10 things you need to know before consolidating a payday loan

1. Quick Access

We all know how annoying and unbearable debts can be. You realize that it’s hard to repay all the debts that you have. One type of debt is payday loans. You are expected to repay a payday loan when your next paycheck comes your way. It’s a short-term loan which requires you to pay the whole lump of cash all at once. Reason for taking up such a loan could range from being broke in the middle of the month before the next payday or due to an unexpected financial emergency. While loans could be lifesavers up to a certain extent, it could ruin your life too.

2. Payday cycle

Take help of a debt consolidation plan

Take help of a debt consolidation plan

So you may be wondering, how one actually gets into a big debt crisis, so big that it would need payday loan consolidation. For instance, you may take up a small payday loan, hoping that you will be able to repay it immediately once you get your next paycheck. Suddenly, an emergency hit. Perhaps you also need to pay your kids’ school fees, or have a medical bill which your insurance does not cover. So you take up another payday loan. Both loans are expected to be paid back when you get your next paycheck.

However, you realize that you cannot afford to repay both. Thus, you roll over the loans. Rolling over typically gives you a little more time to repay with paycheck you get the following month. However, there is a catch. The interest rate for the rollover amount will increase and so will the fees you have to pay.

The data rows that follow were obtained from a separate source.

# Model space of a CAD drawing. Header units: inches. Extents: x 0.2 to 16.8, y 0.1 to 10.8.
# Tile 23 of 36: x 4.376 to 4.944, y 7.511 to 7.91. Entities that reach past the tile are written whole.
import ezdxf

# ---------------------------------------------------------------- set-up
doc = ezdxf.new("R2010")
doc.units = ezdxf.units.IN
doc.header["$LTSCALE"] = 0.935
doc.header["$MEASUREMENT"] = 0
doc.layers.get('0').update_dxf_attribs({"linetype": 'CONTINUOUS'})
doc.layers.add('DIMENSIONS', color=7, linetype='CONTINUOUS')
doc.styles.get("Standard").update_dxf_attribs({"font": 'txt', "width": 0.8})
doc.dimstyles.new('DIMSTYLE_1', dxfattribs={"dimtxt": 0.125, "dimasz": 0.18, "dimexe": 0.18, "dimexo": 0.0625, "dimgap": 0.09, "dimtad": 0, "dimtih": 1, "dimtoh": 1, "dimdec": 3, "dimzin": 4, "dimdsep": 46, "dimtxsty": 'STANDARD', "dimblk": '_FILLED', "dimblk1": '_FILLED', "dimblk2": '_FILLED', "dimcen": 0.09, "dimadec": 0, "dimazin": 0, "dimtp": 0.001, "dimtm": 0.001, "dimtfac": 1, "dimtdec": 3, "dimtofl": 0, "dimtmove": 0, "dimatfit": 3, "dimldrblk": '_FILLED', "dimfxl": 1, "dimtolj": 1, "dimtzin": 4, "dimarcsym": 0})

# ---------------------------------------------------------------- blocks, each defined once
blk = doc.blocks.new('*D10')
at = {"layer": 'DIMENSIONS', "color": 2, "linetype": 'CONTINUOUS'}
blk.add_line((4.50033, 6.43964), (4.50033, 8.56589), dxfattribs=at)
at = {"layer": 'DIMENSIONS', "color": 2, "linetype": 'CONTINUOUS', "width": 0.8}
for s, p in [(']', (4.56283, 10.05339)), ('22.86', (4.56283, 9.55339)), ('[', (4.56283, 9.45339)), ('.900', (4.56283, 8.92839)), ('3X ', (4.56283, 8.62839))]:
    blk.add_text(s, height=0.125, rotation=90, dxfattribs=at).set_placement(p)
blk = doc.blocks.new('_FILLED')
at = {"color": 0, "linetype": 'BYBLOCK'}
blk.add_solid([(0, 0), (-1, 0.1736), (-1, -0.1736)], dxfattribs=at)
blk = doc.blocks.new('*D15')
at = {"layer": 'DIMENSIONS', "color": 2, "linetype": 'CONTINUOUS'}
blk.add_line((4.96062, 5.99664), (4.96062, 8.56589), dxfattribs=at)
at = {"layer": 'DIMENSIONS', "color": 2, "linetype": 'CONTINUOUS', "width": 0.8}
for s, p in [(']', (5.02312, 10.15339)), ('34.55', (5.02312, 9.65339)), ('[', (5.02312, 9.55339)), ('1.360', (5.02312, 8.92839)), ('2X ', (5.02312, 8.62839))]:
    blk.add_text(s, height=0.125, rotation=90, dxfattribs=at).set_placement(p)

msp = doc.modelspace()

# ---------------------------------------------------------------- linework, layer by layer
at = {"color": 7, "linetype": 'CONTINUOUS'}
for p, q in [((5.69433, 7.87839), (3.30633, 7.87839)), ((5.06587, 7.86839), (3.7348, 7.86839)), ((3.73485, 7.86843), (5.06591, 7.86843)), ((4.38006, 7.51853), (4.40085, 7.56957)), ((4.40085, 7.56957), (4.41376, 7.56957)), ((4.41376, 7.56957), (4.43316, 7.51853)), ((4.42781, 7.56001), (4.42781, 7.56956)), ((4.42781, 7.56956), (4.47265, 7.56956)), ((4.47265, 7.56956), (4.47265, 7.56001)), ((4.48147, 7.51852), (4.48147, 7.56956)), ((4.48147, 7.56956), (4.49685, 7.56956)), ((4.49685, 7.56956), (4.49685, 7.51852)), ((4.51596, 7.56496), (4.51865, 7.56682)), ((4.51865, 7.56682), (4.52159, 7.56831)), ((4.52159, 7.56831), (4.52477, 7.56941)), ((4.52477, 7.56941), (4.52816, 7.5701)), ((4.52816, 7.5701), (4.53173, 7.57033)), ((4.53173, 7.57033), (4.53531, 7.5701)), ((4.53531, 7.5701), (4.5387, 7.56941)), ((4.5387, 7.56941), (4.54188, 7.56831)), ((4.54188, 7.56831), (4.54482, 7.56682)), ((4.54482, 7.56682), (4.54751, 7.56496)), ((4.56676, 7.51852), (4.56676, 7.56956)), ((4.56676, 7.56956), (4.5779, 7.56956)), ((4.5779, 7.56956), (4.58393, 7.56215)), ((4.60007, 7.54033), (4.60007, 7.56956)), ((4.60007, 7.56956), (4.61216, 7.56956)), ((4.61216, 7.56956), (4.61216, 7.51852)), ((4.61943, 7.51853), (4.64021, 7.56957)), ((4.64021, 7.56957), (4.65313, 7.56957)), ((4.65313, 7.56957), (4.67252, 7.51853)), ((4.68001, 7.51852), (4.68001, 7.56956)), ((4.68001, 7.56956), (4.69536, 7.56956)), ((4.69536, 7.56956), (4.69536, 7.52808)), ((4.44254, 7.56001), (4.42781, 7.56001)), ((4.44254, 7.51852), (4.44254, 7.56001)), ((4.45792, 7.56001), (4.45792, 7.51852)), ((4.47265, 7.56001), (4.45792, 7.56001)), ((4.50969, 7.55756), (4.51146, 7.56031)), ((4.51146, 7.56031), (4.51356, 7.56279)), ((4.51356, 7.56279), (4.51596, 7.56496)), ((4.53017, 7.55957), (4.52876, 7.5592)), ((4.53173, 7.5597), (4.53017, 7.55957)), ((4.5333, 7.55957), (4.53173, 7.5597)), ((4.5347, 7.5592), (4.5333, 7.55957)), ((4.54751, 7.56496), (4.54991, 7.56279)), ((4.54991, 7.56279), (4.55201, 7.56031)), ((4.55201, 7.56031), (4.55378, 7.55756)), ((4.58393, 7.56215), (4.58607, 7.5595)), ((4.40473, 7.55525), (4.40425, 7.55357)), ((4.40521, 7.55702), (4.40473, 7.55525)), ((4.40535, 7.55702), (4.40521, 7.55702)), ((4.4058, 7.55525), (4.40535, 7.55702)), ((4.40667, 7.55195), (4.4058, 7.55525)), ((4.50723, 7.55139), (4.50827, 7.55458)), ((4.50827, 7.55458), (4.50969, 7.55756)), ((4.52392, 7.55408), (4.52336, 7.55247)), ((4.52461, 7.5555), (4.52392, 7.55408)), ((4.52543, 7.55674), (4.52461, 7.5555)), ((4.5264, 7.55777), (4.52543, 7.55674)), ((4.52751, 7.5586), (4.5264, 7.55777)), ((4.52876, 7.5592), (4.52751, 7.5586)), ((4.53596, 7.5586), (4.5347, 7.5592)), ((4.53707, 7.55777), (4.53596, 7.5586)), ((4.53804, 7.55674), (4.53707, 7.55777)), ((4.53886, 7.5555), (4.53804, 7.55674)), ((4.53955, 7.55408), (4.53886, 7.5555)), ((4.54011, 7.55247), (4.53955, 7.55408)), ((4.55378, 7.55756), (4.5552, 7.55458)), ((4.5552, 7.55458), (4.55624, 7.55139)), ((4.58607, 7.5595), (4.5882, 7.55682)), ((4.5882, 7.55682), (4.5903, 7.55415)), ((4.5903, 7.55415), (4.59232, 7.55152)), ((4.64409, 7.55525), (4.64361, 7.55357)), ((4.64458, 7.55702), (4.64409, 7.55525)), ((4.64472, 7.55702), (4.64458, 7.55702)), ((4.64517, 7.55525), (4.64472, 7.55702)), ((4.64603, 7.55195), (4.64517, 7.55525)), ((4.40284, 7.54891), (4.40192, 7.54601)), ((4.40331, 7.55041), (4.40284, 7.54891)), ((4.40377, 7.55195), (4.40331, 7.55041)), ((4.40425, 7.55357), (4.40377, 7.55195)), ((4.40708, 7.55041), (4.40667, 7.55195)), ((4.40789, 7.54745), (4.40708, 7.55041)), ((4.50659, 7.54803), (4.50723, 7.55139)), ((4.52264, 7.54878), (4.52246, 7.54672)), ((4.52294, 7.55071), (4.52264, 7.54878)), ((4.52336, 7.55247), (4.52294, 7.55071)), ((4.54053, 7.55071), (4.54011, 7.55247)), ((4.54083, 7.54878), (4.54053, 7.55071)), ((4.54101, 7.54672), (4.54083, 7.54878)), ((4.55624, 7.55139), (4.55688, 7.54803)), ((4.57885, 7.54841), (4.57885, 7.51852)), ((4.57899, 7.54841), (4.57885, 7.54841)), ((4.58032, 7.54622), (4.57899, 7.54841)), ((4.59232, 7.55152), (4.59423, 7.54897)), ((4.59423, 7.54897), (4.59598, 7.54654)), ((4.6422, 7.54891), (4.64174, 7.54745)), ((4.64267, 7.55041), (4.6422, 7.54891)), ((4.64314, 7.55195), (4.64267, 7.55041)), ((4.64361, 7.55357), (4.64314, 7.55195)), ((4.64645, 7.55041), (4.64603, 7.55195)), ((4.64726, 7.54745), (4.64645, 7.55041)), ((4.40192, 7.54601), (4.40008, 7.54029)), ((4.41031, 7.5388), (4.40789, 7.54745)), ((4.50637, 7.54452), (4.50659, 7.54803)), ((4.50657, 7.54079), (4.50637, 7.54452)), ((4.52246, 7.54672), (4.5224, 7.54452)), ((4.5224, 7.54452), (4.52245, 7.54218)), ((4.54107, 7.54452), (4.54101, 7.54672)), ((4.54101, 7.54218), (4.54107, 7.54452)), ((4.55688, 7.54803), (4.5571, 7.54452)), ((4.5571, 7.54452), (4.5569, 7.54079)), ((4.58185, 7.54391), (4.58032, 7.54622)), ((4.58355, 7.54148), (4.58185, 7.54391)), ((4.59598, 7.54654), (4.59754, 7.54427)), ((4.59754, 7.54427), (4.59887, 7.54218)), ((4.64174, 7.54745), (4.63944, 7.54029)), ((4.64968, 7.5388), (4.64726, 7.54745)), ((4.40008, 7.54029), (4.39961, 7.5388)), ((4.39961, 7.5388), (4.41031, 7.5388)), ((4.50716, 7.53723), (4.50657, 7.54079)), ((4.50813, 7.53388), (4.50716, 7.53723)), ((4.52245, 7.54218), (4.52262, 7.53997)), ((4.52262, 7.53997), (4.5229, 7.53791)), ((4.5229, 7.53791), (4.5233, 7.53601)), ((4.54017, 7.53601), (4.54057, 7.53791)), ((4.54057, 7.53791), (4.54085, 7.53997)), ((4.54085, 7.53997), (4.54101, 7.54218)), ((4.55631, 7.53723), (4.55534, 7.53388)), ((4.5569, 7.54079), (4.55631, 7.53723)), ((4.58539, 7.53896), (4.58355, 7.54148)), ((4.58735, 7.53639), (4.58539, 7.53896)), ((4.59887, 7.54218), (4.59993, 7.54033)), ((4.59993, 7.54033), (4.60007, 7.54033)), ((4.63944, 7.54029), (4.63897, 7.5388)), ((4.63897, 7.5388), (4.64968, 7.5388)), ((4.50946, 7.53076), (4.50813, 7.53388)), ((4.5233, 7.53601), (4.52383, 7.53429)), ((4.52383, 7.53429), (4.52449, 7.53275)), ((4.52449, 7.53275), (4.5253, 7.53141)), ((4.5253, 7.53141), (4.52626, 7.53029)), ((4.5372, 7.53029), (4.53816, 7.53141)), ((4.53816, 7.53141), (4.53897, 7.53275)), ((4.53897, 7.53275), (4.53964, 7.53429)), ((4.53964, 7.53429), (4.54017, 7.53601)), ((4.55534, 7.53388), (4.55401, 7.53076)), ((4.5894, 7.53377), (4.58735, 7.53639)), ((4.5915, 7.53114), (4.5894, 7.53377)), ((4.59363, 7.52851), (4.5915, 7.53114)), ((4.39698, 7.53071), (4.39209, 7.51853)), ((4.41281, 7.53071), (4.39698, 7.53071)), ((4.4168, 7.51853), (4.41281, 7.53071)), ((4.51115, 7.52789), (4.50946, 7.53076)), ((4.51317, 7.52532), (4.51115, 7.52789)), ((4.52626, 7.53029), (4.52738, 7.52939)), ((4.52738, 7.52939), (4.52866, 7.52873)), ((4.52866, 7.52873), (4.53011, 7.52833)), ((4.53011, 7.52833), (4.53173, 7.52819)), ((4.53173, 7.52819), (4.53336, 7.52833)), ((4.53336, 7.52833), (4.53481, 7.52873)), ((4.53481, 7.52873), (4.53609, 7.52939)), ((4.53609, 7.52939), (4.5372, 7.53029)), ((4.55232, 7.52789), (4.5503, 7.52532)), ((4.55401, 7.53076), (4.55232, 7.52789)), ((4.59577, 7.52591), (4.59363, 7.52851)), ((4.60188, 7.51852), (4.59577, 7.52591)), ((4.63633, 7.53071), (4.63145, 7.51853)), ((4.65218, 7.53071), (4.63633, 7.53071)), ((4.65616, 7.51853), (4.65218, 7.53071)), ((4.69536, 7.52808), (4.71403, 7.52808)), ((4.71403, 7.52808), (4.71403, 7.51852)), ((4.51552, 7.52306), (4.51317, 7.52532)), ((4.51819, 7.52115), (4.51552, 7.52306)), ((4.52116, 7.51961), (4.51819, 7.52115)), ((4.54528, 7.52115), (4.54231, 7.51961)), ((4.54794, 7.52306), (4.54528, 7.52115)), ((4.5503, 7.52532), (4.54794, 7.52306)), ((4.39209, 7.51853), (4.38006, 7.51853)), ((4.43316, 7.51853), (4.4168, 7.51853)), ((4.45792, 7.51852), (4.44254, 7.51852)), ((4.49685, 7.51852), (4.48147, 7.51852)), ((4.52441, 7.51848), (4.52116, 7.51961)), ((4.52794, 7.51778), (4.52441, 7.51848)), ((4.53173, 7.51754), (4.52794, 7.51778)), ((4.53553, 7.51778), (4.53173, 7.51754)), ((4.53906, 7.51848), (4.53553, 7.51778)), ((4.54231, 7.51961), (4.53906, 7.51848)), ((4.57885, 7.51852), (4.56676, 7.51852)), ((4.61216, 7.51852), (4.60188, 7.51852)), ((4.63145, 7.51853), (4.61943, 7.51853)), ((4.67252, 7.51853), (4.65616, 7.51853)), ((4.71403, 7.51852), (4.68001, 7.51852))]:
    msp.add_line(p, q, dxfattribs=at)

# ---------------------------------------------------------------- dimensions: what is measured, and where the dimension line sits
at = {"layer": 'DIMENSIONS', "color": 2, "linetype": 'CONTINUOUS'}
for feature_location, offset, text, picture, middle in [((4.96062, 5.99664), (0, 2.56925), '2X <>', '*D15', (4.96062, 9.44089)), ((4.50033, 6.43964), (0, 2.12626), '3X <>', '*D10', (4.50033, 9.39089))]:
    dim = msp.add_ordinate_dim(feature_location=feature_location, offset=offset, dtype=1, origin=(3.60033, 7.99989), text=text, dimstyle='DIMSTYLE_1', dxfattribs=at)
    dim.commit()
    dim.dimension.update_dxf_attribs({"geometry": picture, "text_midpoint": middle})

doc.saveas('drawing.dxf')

Subsequently, your debt increases. You are stuck with the lender and having to repay large sums of money. Due to the rollover, you can’t keep up with the loan payment. The increasing amount of debt is about to stifle you.

Lenders love this situation. You need to get out of this situation with the help of a debt consolidation plan. Hence, you should consolidate payday loans and use that to your advantage.

3.  Outline your financial goals

To get out of the debt, you first have to know your financial goals. You have to plan where you want to be, where you are currently and how you want to get to your target. You should sit down and analyze your financial situation carefully.You to look at all your income sources, then compare them to what owe your lenders. Doing this math will help you establish your financial status.

4. Consolidation

 Consolidation

Consolidation

Having established your financial situation, it’s time to start thinking about the solutions. Typically, you want to get out of debt as soon as possible. Payday loan consolidation is one of the best ways to get out of recurring debts and increasing interest rates. However, it is important to be specific about what you actually want. There are 3 main types of debt consolidation companies.

1. Debt consolidation companies: they give you a loan to pay up all your debts and then you repay them slowly.

2. Debt management: these act as third parties who try to re-negotiate the interest rates that you are paying for your current debt.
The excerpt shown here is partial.